Presumably, homozygosity confers a proliferative advantage over other cells, which present only one mutated allele, increasing the activity level of the tyrosine kinase generated by the mutated JAK2. Patients with ET and PMF are mostly heterozygous and seldom show homozygosity.48

Besides the association between phenotype and homozygosity/heterozygosity, there are other hypotheses that have attempted to correlate the different phenotypes observed related to the JAK2 V617F mutation.

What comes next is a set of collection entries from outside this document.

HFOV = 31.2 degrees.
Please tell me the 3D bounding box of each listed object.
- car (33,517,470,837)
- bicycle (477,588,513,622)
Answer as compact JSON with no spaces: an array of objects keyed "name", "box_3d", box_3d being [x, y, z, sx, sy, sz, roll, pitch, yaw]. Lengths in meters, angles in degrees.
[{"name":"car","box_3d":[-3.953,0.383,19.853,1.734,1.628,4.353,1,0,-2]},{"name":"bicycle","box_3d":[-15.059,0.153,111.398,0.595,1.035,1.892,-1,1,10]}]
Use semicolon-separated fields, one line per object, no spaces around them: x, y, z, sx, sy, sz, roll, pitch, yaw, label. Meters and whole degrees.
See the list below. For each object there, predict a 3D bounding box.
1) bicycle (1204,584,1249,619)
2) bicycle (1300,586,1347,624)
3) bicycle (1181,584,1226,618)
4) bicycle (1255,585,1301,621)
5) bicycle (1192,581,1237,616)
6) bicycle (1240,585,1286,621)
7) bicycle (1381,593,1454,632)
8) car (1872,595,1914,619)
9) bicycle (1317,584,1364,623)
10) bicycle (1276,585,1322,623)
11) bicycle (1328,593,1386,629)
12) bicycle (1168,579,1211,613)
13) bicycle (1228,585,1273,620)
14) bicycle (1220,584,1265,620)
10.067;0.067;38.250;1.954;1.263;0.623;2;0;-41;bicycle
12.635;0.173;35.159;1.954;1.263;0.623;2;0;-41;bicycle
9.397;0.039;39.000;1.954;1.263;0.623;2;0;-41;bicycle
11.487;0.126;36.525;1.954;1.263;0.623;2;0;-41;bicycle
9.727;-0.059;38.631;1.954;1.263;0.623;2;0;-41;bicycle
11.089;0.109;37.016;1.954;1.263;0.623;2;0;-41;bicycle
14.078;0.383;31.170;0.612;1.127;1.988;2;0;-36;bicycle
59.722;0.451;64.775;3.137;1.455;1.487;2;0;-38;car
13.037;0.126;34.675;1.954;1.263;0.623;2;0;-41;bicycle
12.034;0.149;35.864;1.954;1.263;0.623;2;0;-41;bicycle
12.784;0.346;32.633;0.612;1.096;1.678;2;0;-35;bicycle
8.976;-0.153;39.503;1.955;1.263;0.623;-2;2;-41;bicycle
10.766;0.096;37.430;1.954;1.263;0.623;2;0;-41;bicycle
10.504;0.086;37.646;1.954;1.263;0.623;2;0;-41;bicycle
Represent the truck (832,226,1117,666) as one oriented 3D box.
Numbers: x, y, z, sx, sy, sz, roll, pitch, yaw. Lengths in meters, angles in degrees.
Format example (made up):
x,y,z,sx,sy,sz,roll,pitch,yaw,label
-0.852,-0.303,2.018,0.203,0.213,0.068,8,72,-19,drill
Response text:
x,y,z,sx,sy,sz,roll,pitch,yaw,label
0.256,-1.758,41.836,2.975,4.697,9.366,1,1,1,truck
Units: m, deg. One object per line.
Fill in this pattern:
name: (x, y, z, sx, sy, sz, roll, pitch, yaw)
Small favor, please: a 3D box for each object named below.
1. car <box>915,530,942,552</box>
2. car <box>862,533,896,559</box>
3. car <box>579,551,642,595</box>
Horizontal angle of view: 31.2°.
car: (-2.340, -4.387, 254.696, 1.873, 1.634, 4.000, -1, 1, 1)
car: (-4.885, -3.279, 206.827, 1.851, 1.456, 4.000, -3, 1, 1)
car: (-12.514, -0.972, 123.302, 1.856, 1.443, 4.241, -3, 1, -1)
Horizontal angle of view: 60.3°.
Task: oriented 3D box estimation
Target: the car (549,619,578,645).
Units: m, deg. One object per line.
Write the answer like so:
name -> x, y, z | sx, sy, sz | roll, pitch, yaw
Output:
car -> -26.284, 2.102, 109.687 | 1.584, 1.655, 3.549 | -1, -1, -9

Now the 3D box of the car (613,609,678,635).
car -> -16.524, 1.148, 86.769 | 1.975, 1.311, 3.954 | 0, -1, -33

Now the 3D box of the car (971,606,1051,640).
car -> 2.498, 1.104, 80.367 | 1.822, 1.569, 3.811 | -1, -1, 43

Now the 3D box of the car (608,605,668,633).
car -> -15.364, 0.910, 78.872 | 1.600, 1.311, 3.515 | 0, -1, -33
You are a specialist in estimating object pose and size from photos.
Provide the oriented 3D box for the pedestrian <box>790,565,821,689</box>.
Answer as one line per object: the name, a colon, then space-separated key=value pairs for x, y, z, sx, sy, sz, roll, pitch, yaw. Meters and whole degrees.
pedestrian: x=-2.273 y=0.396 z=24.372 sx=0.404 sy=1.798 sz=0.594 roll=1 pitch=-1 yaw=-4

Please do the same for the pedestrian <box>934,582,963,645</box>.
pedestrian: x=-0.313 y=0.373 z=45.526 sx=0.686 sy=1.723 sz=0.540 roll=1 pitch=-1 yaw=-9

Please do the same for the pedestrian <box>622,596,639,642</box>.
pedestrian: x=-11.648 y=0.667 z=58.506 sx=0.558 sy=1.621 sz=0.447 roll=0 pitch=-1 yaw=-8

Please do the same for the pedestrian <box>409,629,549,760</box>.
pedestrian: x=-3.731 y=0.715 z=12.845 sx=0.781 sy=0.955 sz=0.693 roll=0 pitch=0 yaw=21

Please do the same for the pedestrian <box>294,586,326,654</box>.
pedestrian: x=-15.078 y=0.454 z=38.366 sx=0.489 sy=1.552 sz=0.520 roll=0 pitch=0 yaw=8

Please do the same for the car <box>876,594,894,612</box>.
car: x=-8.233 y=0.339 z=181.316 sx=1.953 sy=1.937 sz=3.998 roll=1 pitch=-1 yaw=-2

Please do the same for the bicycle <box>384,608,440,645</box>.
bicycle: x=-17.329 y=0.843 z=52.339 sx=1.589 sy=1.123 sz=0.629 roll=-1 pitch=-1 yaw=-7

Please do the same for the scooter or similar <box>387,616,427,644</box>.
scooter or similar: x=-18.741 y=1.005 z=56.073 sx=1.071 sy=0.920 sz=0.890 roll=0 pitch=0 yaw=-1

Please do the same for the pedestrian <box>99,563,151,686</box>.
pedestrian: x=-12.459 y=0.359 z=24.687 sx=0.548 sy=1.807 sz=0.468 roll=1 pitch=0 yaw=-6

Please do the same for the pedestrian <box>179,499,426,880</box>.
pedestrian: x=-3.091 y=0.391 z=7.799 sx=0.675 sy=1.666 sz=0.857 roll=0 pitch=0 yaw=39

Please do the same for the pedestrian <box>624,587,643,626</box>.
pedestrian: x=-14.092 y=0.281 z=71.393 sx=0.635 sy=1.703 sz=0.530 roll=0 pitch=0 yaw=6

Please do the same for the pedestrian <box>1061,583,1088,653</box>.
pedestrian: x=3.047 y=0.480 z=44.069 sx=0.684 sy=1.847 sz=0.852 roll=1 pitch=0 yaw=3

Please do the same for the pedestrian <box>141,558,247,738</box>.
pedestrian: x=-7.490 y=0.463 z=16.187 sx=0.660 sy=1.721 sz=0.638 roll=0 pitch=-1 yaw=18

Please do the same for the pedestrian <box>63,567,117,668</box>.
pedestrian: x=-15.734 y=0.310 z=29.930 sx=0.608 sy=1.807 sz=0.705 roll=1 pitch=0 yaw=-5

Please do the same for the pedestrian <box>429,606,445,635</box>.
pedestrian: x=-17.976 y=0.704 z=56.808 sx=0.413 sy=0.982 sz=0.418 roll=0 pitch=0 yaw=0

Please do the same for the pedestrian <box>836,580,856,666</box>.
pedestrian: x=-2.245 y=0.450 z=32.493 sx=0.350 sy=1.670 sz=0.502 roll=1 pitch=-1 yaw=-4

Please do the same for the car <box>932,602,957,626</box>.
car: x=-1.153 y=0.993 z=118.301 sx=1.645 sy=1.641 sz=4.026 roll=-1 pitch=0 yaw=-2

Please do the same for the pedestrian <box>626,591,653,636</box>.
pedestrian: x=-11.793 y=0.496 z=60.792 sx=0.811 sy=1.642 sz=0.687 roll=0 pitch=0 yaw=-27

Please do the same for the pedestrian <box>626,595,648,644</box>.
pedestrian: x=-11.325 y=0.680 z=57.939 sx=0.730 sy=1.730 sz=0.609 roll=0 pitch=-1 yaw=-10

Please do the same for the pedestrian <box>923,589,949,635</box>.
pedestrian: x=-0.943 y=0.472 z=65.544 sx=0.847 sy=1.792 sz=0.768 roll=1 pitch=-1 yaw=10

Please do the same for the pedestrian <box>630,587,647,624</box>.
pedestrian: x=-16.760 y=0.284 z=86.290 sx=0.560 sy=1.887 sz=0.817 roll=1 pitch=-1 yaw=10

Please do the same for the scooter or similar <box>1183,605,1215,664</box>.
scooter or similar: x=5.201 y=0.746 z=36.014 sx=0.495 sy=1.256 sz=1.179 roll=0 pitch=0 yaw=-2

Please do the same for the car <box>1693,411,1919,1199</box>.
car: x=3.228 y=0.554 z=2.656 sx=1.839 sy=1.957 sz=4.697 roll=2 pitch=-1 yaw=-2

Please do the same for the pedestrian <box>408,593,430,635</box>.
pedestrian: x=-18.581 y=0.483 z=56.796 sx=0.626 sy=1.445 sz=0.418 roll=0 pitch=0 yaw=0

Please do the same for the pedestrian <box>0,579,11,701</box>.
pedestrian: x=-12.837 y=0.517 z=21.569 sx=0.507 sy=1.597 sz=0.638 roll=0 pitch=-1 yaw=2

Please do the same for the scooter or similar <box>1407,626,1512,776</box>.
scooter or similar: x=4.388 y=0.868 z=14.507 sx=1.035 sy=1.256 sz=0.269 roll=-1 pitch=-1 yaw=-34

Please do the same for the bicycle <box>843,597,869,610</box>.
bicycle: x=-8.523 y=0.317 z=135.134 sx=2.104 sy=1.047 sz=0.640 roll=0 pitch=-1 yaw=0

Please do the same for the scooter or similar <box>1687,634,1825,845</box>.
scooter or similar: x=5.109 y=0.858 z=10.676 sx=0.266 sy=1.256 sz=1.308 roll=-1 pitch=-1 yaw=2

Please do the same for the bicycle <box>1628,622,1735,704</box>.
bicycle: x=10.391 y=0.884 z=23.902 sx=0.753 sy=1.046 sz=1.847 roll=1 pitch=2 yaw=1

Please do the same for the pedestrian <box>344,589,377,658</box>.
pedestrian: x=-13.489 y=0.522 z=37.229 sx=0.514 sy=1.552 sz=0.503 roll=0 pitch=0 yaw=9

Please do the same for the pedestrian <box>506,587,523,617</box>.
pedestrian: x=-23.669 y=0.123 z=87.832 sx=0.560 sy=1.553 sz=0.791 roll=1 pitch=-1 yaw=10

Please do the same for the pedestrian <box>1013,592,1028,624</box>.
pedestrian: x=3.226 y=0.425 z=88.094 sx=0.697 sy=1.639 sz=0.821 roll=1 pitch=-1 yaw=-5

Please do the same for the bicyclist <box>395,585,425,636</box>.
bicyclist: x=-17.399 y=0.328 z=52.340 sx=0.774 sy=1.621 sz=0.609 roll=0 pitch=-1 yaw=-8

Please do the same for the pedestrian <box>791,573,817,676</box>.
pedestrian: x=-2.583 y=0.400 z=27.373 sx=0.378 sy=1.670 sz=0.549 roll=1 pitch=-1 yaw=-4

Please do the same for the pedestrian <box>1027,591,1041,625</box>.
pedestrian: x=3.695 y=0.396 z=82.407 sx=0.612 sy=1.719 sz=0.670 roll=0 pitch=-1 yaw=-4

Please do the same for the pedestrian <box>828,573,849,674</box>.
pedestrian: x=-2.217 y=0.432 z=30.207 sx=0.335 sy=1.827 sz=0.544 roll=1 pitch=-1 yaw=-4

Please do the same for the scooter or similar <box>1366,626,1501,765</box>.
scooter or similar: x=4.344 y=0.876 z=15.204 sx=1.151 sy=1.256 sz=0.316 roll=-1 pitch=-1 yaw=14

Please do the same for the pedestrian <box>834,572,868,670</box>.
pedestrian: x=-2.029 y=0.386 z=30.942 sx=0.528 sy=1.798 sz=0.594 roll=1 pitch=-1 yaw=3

In their study, Plo et al.45 discuss the gene-dose hypothesis, which postulates that the JAK2 mutation can be a starting point for the three pathologies. They also discuss the existence of other genetic events that can modify the JAK2 kinase activity, which may explain the heterogeneity present in classic MPNs. Several mechanisms have been proposed to aid the understanding of loss of heterozygosity and/or the presence of new genetic abnormalities, including the double-stranded break repair mechanisms in DNA, homologous recombination and non-homologous end joining. All these lead to genomic instability, which highlights how essential the precise regulation of these mechanisms is for the maintenance of genome stability and diversity.49–51

According to Mascarenhas et al.52 biological events that lead to the initiation and progression of MPNs are linked not only to acquisition of genetic mutations such as JAK2 V617F. They are also due to epigenetic changes that do not affect the primary DNA sequence, but the gene expression responsible for chromatin remodeling. Deregulation of modulation processes between nucleosomes may result in silencing of tumor suppressor as well as differentiation genes, promoting cell survival by blocking apoptosis and senescence, contributing to malignant transformation. The researchers also highlighted two categories of epigenetic alterations in MPNs: (1) changes in the genes that encode proteins involved in remodeling of the chromatin structure, such as the TET2, ASXL1, JAK2 genes, among others, and (2) changes in the promoter site of genes essential for cell survival, differentiation and proliferation. Besides its role in signaling, the JAK2 V617F mutation also affects chromatin structure by blocking the recruitment of repressor proteins.9

Conflicts of interest

The authors declare no conflicts of interest.